Now im worried that he has developing feather problems due to damaged follicles, his last two tail feathers i have found have looked very odd, one of them looked like there was 3 different feathers coming out of the same shaft and the second was a horribly off colour :wacko:

Any ideas or suggestions??


----------



## Orion (Jul 24, 2011)

I am having a similar issue. Orion had a bad clip from her previous owner and it taking forever to molt them. She is constantly trying to pull them out. I bought this grit supplement from petco for molting and conditioning and a few weeks ago they started to come out. Only a few but at least she can fly now so you might want to give it a shot.


----------



## morla (Aug 15, 2011)

Aw! Poor birdy!


----------



## sunnysmom (Sep 23, 2011)

Poor little guy. I hope someone here can give you advice. If that's him in your profile pic, he's a cutie.


----------



## jessnry (Mar 26, 2011)

Aw, poor little guy!  Mine also had a terrible wing clip when I got them, and it took more than 7 months for their wings to grow out nicely. Penny might need a little more time for his feathers to completey grow back. I don't think flight feathers don't follow the usual moulting schedule.

His wings may have been clipped before he fledged... I hear that can cause flying problems, but I also heard that cockatiels are such good fliers that in time they work their flight skills out. Do you have hard floors? Laying down blankets can help prevent injury to his tail and breast bone while he works out his flying skills.


----------



## Ezzie (Jan 19, 2010)

Our floors are carpeted thankfully, and sometimes he falls onto my bed so it is less of a fall for him.

I feel so bad for him because he watches all the other birds fly around and even attempts to fly with them but he just cant  its very heartbreaking...


----------



## tielfan (Aug 31, 2008)

It is possible to pull the clipped wing feathers so new ones can grow in. This is painful for the bird though so you might want to get a trained person (like a vet) to do it for you. You wouldn't have to pull all the clipped feathers, just taking some that are relatively close to the body would give him enough lift that he doesn't fall like a rock. 

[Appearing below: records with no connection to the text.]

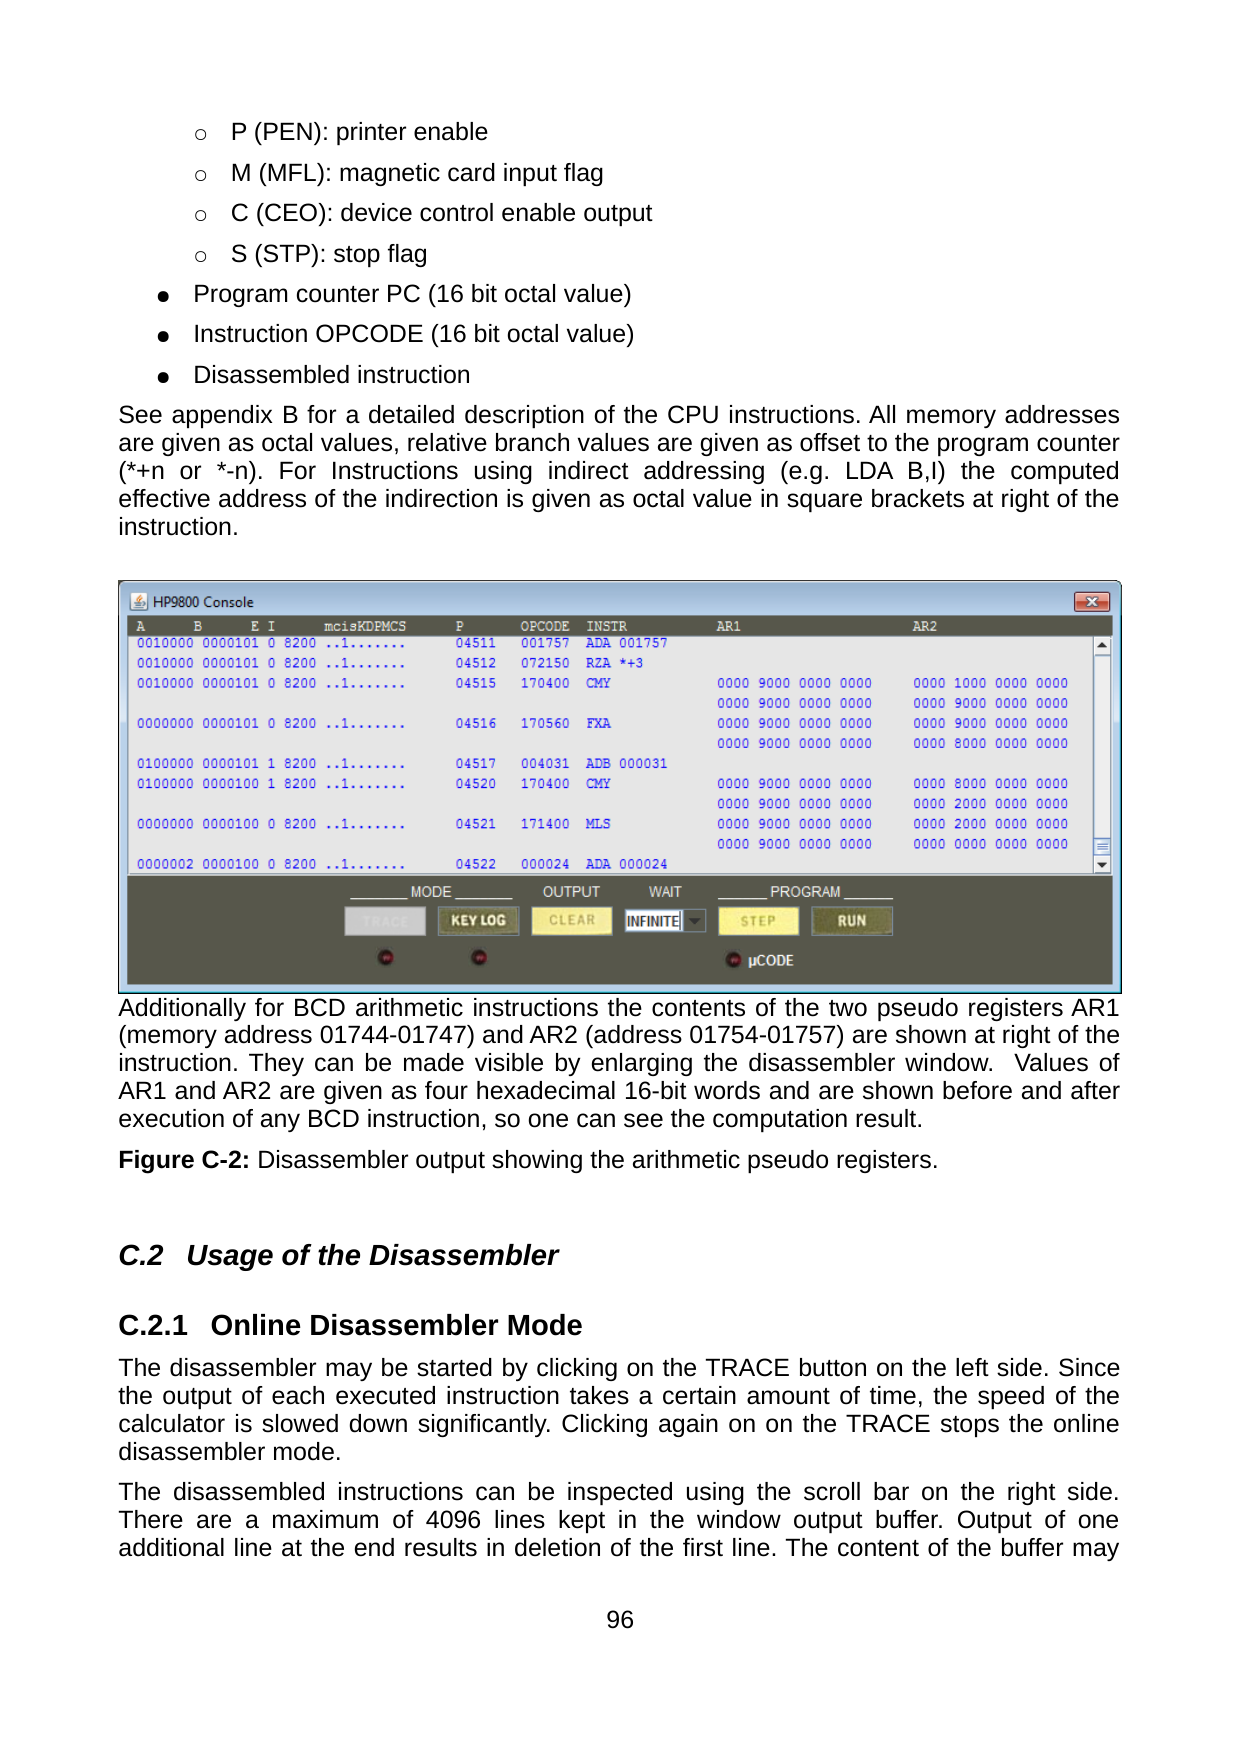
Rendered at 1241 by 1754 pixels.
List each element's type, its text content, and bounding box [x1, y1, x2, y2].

text The disassembled instructions can be inspected using the scroll bar on the right side. There are a maximum of 4096 lines kept in the window output buffer. Output of one additional line at the end results in deletion of the first line. The content of the buffer may [118, 1478, 1122, 1562]
text Additionally for BCD arithmetic instructions the contents of the two pseudo registers AR1 (memory address 01744-01747) and AR2 (address 01754-01757) are shown at right of the instruction. They can be made visible by enlarging the disassembler window. Values of AR1 and AR2 are given as four hexadecimal 16-bit words and are shown before and after execution of any BCD instruction, so one can see the computation result. [118, 994, 1122, 1133]
text See appendix B for a detailed description of the CPU instructions. All memory addresses are given as octal values, relative branch values are given as offset to the program counter (*+n or *-n). For Instructions using indirect addressing (e.g. LDA B,I) the computed effective address of the indirection is given as octal value in square brackets at right of the instruction. [118, 401, 1122, 541]
picture [118, 580, 1122, 994]
subtitle Usage of the Disassembler [118, 1239, 1122, 1271]
text The disassembler may be started by clicking on the TRACE button on the left side. Since the output of each executed instruction takes a certain amount of time, the speed of the calculator is slowed down significantly. Clicking again on on the TRACE stops the online disassembler mode. [118, 1354, 1122, 1466]
text Figure C-2: Disassembler output showing the arithmetic pseudo registers. [118, 1146, 1122, 1173]
list M (MFL): magnetic card input flag [193, 158, 1122, 186]
subtitle Online Disassembler Mode [118, 1309, 1122, 1342]
list Instruction OPCODE (16 bit octal value) [156, 320, 1122, 348]
list Program counter PC (16 bit octal value) [156, 280, 1122, 308]
list S (STP): stop flag [193, 239, 1122, 267]
list C (CEO): device control enable output [193, 199, 1122, 227]
list Disassembled instruction [156, 361, 1122, 388]
text [118, 553, 1122, 580]
list P (PEN): printer enable [193, 118, 1122, 146]

A vet visit is a good idea anyway to talk about the malformed tail feathers. If Penny is prone to follicle problems then pulling some of the flights might not be such a good idea. 

It's possible to have the wing feathers "imped" which is basically a feather graft. But this is very expensive and not normally done with pet birds, although it is done sometimes with hunting falcons.


----------